Como es sabido, Mendel escogió para su estudio una especie singular y simpática: el guisante. Y esta elección no fue casual, sino debidamente pensada, ya que los guisantes poseen dos propiedades muy interesantes. La primera es su facilidad para autofecundarse, lo que permitía realizar un seguimiento real de las distintas líneas de descendencia (permitiendo además la fecundación cruzada). La segunda, que sus caracteres (color, rugosidad o tamaño) eran perfectamente definidos e identificables.

Lo primero que hizo Mendel es establecer una metodología de trabajo, que creo que nos es familiar a todos. Después de conseguir individuos puros según los distintos caracteres, los cruzó para ver qué pasaba con sus descendientes, y cruzó a los descendientes entre sí para ver qué pasaba con esta segunda generación. Llegó a estudiar treinta mil plantas de guisantes. Lo primero que observó es que, al cruzar dos guisantes con un carácter distinto, todos los individuos de la primera generación adoptaban el carácter de uno de los dos progenitores. Es decir, si se trataba de un guisante grande y otro pequeño, la primera generación o bien eran todos grandes, o bien eran todos pequeños. Y, curiosamente, cuando los miembros de esta primera generación se fecundaban entre sí, volvían a aparecer los dos caracteres (guisantes grandes y pequeños) en una proporción fija de tres a uno: tres cuartos según el carácter dominante (el que aparecía de forma total en la primera generación), y un cuarto según el carácter recesivo (el que en la primera generación no aparecía).

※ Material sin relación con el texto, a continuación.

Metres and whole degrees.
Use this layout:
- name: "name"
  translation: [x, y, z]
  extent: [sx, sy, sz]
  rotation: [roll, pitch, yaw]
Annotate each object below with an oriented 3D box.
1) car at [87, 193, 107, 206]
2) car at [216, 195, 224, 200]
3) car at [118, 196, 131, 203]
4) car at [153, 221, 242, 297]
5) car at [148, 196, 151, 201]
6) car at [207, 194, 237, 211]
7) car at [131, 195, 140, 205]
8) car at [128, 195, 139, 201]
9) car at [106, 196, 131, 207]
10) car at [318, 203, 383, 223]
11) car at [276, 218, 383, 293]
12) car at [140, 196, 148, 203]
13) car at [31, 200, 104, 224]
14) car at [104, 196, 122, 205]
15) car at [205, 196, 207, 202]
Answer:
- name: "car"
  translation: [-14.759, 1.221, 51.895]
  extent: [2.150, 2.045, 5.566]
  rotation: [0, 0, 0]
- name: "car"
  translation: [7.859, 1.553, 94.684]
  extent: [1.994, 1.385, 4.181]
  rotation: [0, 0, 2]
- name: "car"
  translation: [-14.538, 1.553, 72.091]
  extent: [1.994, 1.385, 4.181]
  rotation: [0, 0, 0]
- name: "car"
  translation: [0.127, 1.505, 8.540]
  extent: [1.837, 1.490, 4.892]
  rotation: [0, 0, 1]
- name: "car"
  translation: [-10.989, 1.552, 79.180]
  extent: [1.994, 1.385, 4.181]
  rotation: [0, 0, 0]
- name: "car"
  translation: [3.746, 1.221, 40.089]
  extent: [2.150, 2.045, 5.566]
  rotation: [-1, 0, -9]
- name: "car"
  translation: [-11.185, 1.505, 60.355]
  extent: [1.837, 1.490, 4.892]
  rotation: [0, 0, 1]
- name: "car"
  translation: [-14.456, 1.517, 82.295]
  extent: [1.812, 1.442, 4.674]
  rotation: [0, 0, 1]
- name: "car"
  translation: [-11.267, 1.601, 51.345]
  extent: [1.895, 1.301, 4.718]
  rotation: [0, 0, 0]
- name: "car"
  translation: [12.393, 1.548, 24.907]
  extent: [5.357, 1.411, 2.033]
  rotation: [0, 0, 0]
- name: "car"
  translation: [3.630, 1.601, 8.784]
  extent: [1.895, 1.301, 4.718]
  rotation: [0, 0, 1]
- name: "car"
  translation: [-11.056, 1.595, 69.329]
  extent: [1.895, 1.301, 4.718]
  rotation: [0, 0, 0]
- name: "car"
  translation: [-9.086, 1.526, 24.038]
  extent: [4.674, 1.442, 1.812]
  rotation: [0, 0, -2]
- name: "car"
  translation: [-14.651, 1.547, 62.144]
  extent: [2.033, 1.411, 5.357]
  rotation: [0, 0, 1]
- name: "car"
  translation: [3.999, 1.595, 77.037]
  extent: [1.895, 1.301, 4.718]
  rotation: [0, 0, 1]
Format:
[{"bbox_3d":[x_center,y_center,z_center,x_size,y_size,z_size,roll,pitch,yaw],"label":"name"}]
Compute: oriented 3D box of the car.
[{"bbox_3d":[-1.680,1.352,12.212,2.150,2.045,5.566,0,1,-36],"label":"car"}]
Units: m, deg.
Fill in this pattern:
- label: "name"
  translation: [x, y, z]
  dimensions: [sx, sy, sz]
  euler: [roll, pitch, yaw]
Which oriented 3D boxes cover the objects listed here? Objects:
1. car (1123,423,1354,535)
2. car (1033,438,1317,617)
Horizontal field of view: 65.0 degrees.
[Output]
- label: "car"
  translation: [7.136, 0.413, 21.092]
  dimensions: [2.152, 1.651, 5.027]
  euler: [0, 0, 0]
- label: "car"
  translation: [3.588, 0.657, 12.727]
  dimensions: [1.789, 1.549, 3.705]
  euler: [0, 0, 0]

Lo que llamó su atención era cómo podía ser que, un carácter que había desaparecido en la primera generación volviera a manifestarse en la segunda, hecho ciertamente llamativo. ¿Cómo podía ser? Y no sólo eso, sino que, jugando con distintas poblaciones y con distintos caracteres, la relación numérica se mantenía siempre fiel, de tres a uno. Se daba cuenta de que hacer una lectura de que las distintas generaciones iban transformando la especie, no podía servir aquí, por lo que se puso a pensar en los procesos internos a partir de los cuales se generaban los resultados. Dos procesos pueden producir resultados semejantes, pero a nivel interno ser muy diferentes. Lo mismo hizo mezclando dos caracteres puros (en vez de uno), y sus resultados también fueron regulares, dándose en la descendencia las cuatro combinaciones posibles, de mayor a menor frecuencia en función de qué caracteres fueran los dominantes o los recesivos (una relación, de 9:3:3:1; que no paso a detallar para no extenderme demasiado).

Cuando Dalton estableció su teoría atómica, ya estaban aceptadas generalizadamente dos leyes fundamentales de la química: la de la conservación de la materia y la de las proporciones constantes. Mendel leyó sus experimentos ‘a lo Dalton’, es decir, «halló en sus observaciones la comprobación de lo que podríamos llamar análogamente el principio de conservación de los elementos genéticos y la ley de sus proporciones constantes».

Y, del mismo modo que para Dalton las unidades que subyacían a dichas leyes eran los átomos, Mendel pensó a su vez en unos ‘átomos biológicos’, responsables de estas combinaciones y leyes hereditarias, y que él denominó factores. Estos factores se combinaban de acuerdo a sus leyes, lo que supuso un paso muy importante, ya que las pautas de herencia se podían predecir. Los átomos hereditarios se conservaban de forma autónoma a lo largo de la herencia entre generaciones, y muy bien podían manifestarse en una generación o no. Pero claro, el hecho de que en una generación no se manifestara un determinado carácter, pero en la siguiente sí, indicaba que los átomos biológicos seguían presentes en los progenitores, aunque ocultos, escondidos, o inactivos, esperando a ‘ser despertados’ en generaciones posteriores. Algo que comprobó con otras especies de plantas o cereales.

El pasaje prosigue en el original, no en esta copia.